(Stored data)
※
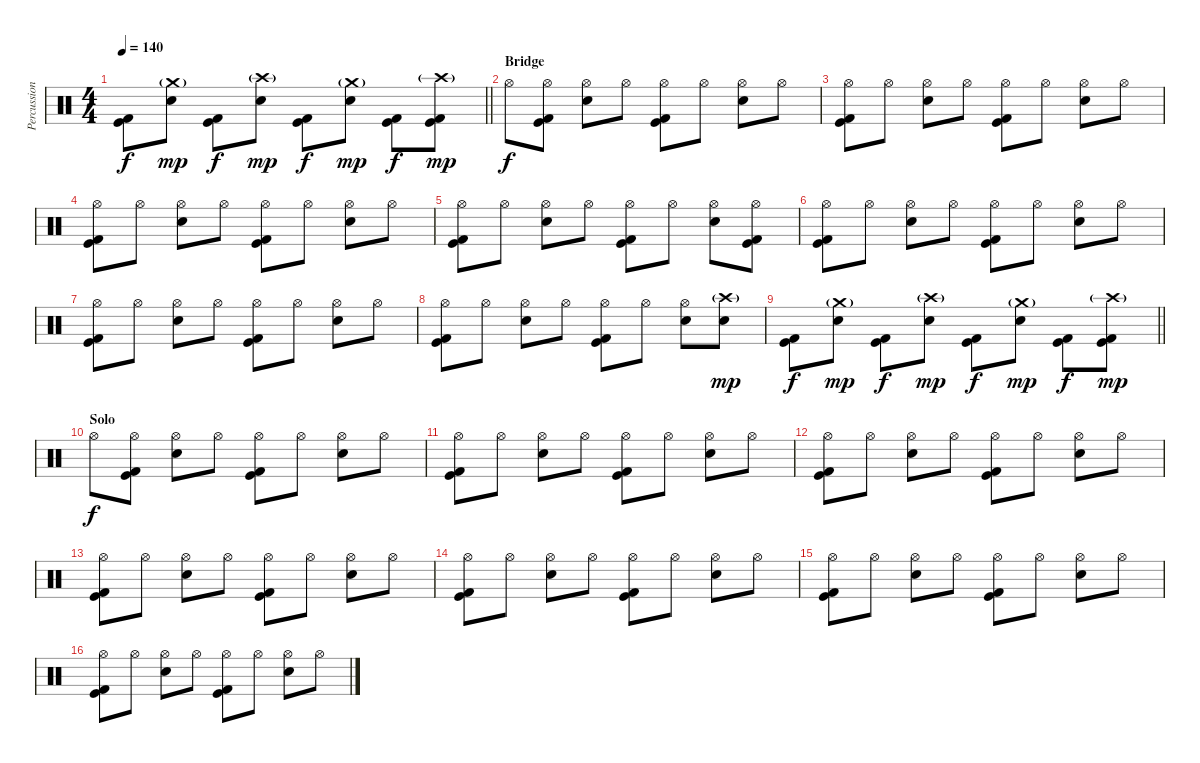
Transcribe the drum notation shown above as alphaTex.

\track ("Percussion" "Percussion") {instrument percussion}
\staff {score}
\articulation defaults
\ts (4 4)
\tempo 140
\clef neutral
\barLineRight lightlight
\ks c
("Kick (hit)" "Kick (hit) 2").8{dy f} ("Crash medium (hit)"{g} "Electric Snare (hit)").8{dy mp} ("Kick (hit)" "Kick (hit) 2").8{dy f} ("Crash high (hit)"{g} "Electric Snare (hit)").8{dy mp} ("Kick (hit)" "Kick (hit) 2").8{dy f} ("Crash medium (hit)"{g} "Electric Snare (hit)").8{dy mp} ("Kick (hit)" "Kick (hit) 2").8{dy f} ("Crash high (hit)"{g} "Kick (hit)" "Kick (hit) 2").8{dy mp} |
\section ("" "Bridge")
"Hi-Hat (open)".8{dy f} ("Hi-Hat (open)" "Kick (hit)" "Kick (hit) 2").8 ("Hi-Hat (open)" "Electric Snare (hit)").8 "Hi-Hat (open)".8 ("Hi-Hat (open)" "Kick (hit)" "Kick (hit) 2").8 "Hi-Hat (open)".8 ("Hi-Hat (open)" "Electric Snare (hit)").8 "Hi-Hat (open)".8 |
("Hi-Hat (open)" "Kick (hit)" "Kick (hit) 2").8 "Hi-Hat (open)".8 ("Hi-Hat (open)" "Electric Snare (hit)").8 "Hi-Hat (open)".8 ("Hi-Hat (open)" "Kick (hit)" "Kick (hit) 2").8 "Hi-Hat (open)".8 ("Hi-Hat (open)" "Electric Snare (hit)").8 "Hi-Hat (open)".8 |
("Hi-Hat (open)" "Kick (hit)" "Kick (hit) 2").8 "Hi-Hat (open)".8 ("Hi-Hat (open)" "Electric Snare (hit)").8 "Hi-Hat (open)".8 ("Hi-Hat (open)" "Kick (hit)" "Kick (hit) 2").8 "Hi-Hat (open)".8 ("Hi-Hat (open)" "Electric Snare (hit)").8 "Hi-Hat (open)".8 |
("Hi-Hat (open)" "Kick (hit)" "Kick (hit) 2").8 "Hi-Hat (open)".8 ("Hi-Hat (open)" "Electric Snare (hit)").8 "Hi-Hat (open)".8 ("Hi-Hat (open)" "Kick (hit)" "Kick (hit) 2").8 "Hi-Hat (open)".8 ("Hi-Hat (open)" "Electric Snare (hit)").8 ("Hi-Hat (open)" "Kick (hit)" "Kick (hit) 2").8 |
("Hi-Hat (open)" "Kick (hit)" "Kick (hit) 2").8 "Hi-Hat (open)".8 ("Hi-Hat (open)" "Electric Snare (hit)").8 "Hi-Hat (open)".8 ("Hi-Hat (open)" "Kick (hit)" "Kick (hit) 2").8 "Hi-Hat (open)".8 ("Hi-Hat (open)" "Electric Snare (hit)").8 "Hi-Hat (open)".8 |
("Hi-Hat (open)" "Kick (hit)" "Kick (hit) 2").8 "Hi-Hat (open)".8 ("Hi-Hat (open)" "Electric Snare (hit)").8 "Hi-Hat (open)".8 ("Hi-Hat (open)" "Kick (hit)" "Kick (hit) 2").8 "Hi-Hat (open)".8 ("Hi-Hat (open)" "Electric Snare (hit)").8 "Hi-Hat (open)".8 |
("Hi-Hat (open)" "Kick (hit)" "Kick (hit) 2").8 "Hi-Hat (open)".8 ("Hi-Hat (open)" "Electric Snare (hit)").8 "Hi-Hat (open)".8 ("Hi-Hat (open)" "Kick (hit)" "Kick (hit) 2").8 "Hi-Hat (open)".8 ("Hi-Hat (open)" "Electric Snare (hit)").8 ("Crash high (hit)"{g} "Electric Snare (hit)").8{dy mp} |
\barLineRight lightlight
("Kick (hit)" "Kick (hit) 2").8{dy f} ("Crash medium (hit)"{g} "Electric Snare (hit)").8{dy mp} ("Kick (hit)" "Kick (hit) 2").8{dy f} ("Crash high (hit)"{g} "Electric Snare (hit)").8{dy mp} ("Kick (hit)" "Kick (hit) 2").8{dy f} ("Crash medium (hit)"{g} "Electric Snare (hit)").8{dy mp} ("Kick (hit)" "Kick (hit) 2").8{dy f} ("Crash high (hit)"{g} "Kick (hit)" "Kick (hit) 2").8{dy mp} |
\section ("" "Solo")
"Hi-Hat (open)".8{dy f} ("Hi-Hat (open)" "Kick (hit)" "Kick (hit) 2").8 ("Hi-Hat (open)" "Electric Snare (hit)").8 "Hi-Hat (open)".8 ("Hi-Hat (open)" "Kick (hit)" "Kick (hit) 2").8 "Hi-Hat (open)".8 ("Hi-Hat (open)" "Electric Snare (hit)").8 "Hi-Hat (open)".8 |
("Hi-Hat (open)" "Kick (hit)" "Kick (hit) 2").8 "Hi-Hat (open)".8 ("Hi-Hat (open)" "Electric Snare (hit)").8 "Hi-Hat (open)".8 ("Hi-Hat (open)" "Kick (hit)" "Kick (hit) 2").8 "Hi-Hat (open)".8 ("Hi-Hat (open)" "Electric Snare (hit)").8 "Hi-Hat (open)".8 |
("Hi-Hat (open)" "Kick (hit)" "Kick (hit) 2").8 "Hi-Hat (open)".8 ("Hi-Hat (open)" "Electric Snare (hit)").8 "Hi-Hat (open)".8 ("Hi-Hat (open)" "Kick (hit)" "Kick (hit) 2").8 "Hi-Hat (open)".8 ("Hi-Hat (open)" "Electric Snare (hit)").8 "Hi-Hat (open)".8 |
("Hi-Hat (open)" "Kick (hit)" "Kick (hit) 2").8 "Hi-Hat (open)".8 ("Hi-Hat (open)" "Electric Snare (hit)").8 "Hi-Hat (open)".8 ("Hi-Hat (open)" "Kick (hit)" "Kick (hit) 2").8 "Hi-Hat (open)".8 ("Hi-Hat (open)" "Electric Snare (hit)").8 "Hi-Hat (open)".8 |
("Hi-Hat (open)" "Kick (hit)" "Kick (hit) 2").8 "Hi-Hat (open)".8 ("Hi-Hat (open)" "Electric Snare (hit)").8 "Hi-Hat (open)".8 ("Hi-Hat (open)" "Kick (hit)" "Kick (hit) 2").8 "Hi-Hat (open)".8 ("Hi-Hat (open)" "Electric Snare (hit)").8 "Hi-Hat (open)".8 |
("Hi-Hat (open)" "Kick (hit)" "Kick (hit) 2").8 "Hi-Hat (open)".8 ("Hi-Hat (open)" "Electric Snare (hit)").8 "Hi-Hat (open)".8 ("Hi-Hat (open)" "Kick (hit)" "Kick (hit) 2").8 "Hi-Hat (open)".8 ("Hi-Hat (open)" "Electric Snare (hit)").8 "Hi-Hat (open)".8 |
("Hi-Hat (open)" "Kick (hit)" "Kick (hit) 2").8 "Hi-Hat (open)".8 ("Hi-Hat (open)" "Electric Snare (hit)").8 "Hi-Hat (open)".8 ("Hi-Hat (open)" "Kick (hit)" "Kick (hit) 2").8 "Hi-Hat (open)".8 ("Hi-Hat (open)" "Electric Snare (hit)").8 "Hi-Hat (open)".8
※
Each line above is to be copied verbatim. Drop any image from the copy.

Transcribe the drum notation shown above as alphaTex.

\track ("Percussion" "Percussion") {instrument percussion}
\staff {score}
\articulation defaults
\ts (4 4)
\tempo 140
\clef neutral
\barLineRight lightlight
\ks c
("Kick (hit)" "Kick (hit) 2").8{dy f} ("Crash medium (hit)"{g} "Electric Snare (hit)").8{dy mp} ("Kick (hit)" "Kick (hit) 2").8{dy f} ("Crash high (hit)"{g} "Electric Snare (hit)").8{dy mp} ("Kick (hit)" "Kick (hit) 2").8{dy f} ("Crash medium (hit)"{g} "Electric Snare (hit)").8{dy mp} ("Kick (hit)" "Kick (hit) 2").8{dy f} ("Crash high (hit)"{g} "Kick (hit)" "Kick (hit) 2").8{dy mp} |
\section ("" "Bridge")
"Hi-Hat (open)".8{dy f} ("Hi-Hat (open)" "Kick (hit)" "Kick (hit) 2").8 ("Hi-Hat (open)" "Electric Snare (hit)").8 "Hi-Hat (open)".8 ("Hi-Hat (open)" "Kick (hit)" "Kick (hit) 2").8 "Hi-Hat (open)".8 ("Hi-Hat (open)" "Electric Snare (hit)").8 "Hi-Hat (open)".8 |
("Hi-Hat (open)" "Kick (hit)" "Kick (hit) 2").8 "Hi-Hat (open)".8 ("Hi-Hat (open)" "Electric Snare (hit)").8 "Hi-Hat (open)".8 ("Hi-Hat (open)" "Kick (hit)" "Kick (hit) 2").8 "Hi-Hat (open)".8 ("Hi-Hat (open)" "Electric Snare (hit)").8 "Hi-Hat (open)".8 |
("Hi-Hat (open)" "Kick (hit)" "Kick (hit) 2").8 "Hi-Hat (open)".8 ("Hi-Hat (open)" "Electric Snare (hit)").8 "Hi-Hat (open)".8 ("Hi-Hat (open)" "Kick (hit)" "Kick (hit) 2").8 "Hi-Hat (open)".8 ("Hi-Hat (open)" "Electric Snare (hit)").8 "Hi-Hat (open)".8 |
("Hi-Hat (open)" "Kick (hit)" "Kick (hit) 2").8 "Hi-Hat (open)".8 ("Hi-Hat (open)" "Electric Snare (hit)").8 "Hi-Hat (open)".8 ("Hi-Hat (open)" "Kick (hit)" "Kick (hit) 2").8 "Hi-Hat (open)".8 ("Hi-Hat (open)" "Electric Snare (hit)").8 ("Hi-Hat (open)" "Kick (hit)" "Kick (hit) 2").8 |
("Hi-Hat (open)" "Kick (hit)" "Kick (hit) 2").8 "Hi-Hat (open)".8 ("Hi-Hat (open)" "Electric Snare (hit)").8 "Hi-Hat (open)".8 ("Hi-Hat (open)" "Kick (hit)" "Kick (hit) 2").8 "Hi-Hat (open)".8 ("Hi-Hat (open)" "Electric Snare (hit)").8 "Hi-Hat (open)".8 |
("Hi-Hat (open)" "Kick (hit)" "Kick (hit) 2").8 "Hi-Hat (open)".8 ("Hi-Hat (open)" "Electric Snare (hit)").8 "Hi-Hat (open)".8 ("Hi-Hat (open)" "Kick (hit)" "Kick (hit) 2").8 "Hi-Hat (open)".8 ("Hi-Hat (open)" "Electric Snare (hit)").8 "Hi-Hat (open)".8 |
("Hi-Hat (open)" "Kick (hit)" "Kick (hit) 2").8 "Hi-Hat (open)".8 ("Hi-Hat (open)" "Electric Snare (hit)").8 "Hi-Hat (open)".8 ("Hi-Hat (open)" "Kick (hit)" "Kick (hit) 2").8 "Hi-Hat (open)".8 ("Hi-Hat (open)" "Electric Snare (hit)").8 ("Crash high (hit)"{g} "Electric Snare (hit)").8{dy mp} |
\barLineRight lightlight
("Kick (hit)" "Kick (hit) 2").8{dy f} ("Crash medium (hit)"{g} "Electric Snare (hit)").8{dy mp} ("Kick (hit)" "Kick (hit) 2").8{dy f} ("Crash high (hit)"{g} "Electric Snare (hit)").8{dy mp} ("Kick (hit)" "Kick (hit) 2").8{dy f} ("Crash medium (hit)"{g} "Electric Snare (hit)").8{dy mp} ("Kick (hit)" "Kick (hit) 2").8{dy f} ("Crash high (hit)"{g} "Kick (hit)" "Kick (hit) 2").8{dy mp} |
\section ("" "Solo")
"Hi-Hat (open)".8{dy f} ("Hi-Hat (open)" "Kick (hit)" "Kick (hit) 2").8 ("Hi-Hat (open)" "Electric Snare (hit)").8 "Hi-Hat (open)".8 ("Hi-Hat (open)" "Kick (hit)" "Kick (hit) 2").8 "Hi-Hat (open)".8 ("Hi-Hat (open)" "Electric Snare (hit)").8 "Hi-Hat (open)".8 |
("Hi-Hat (open)" "Kick (hit)" "Kick (hit) 2").8 "Hi-Hat (open)".8 ("Hi-Hat (open)" "Electric Snare (hit)").8 "Hi-Hat (open)".8 ("Hi-Hat (open)" "Kick (hit)" "Kick (hit) 2").8 "Hi-Hat (open)".8 ("Hi-Hat (open)" "Electric Snare (hit)").8 "Hi-Hat (open)".8 |
("Hi-Hat (open)" "Kick (hit)" "Kick (hit) 2").8 "Hi-Hat (open)".8 ("Hi-Hat (open)" "Electric Snare (hit)").8 "Hi-Hat (open)".8 ("Hi-Hat (open)" "Kick (hit)" "Kick (hit) 2").8 "Hi-Hat (open)".8 ("Hi-Hat (open)" "Electric Snare (hit)").8 "Hi-Hat (open)".8 |
("Hi-Hat (open)" "Kick (hit)" "Kick (hit) 2").8 "Hi-Hat (open)".8 ("Hi-Hat (open)" "Electric Snare (hit)").8 "Hi-Hat (open)".8 ("Hi-Hat (open)" "Kick (hit)" "Kick (hit) 2").8 "Hi-Hat (open)".8 ("Hi-Hat (open)" "Electric Snare (hit)").8 "Hi-Hat (open)".8 |
("Hi-Hat (open)" "Kick (hit)" "Kick (hit) 2").8 "Hi-Hat (open)".8 ("Hi-Hat (open)" "Electric Snare (hit)").8 "Hi-Hat (open)".8 ("Hi-Hat (open)" "Kick (hit)" "Kick (hit) 2").8 "Hi-Hat (open)".8 ("Hi-Hat (open)" "Electric Snare (hit)").8 "Hi-Hat (open)".8 |
("Hi-Hat (open)" "Kick (hit)" "Kick (hit) 2").8 "Hi-Hat (open)".8 ("Hi-Hat (open)" "Electric Snare (hit)").8 "Hi-Hat (open)".8 ("Hi-Hat (open)" "Kick (hit)" "Kick (hit) 2").8 "Hi-Hat (open)".8 ("Hi-Hat (open)" "Electric Snare (hit)").8 "Hi-Hat (open)".8 |
("Hi-Hat (open)" "Kick (hit)" "Kick (hit) 2").8 "Hi-Hat (open)".8 ("Hi-Hat (open)" "Electric Snare (hit)").8 "Hi-Hat (open)".8 ("Hi-Hat (open)" "Kick (hit)" "Kick (hit) 2").8 "Hi-Hat (open)".8 ("Hi-Hat (open)" "Electric Snare (hit)").8 "Hi-Hat (open)".8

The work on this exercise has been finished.